- Leaders: Tengku Mahmood Mahyideen Tengku Abdul Jalal
- Dates active: 1947 – present
- Group: Tentara Nasional Pembebasan Rakyat Patani (People's National Liberation Army of Patani)
- Headquarters: Kelantan, Malaysia
- Active regions: Southern Thailand
- Ideology: Separatism Religious conservatism Nationalism Islamism
- Wars: the South Thailand insurgency

= Islamic Liberation Front of Patani =

Islamic militant separatist organization in South Thailand

The Islamic Liberation Front of Patani (Barisan Islam Pembebasan Patani, abbreviated BIPP), until 1986 known as the National Liberation Front of Patani (NLFP; Barisan Nasional Pembebasan Patani, BNPP; also translated as "Patani National Liberation Front" or "National Front for the Liberation of Pattani"; ขบวนการแนวร่วมปลดแอกแห่งชาติปัตตานี) is a militant Islamic separatist movement based in northern Malaysia and with a history of operations in the South Thailand insurgency.

==History==
The group was formed in 1959 by Tengku Abdul Jalal, aka Adul na Saiburi, and is reputed to be one of the first armed insurgent outfits in the Pattani area. The group had its base in Southern Thailand.

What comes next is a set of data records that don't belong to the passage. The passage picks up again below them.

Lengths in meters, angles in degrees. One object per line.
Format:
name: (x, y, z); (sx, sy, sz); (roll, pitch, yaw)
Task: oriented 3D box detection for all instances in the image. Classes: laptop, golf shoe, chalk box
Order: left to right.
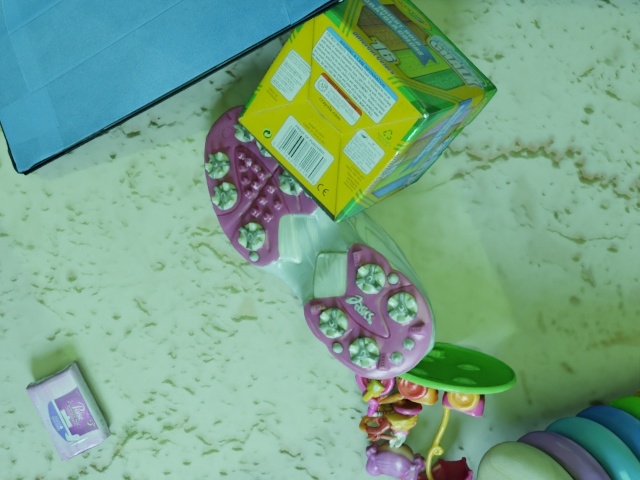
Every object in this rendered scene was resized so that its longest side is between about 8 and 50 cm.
laptop: (-0.237, -0.308, 0.551); (0.381, 0.408, 0.236); (-22, 52, 25)
golf shoe: (0.000, 0.000, 0.729); (0.115, 0.140, 0.306); (-41, 72, 14)
chalk box: (0.058, -0.128, 0.682); (0.132, 0.213, 0.132); (46, 125, 9)

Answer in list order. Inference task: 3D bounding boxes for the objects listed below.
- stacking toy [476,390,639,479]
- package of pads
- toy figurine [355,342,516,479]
stacking toy: (0.315, 0.197, 0.730); (0.330, 0.141, 0.141); (-21, 93, -25)
package of pads: (-0.245, 0.166, 0.739); (0.050, 0.032, 0.083); (-26, 93, -3)
toy figurine: (0.091, 0.190, 0.742); (0.173, 0.130, 0.159); (10, 100, 13)

===Barisan Islam Pembebasan Patani===
The BNPP was very active in the 1970s and 1980s. It renamed itself to "Islamic Front for the Liberation of Pattani" (BIPP) in 1986. After a period of dormancy, it was revived in 2002. The renewed group has reduced its nationalistic emphasis and expanded its hard-line Islamic politico-religious goals. It is known for its attacks against the Buddhist minorities of Southern Thailand. The political wing of the group participates in Malaysian state-level politics.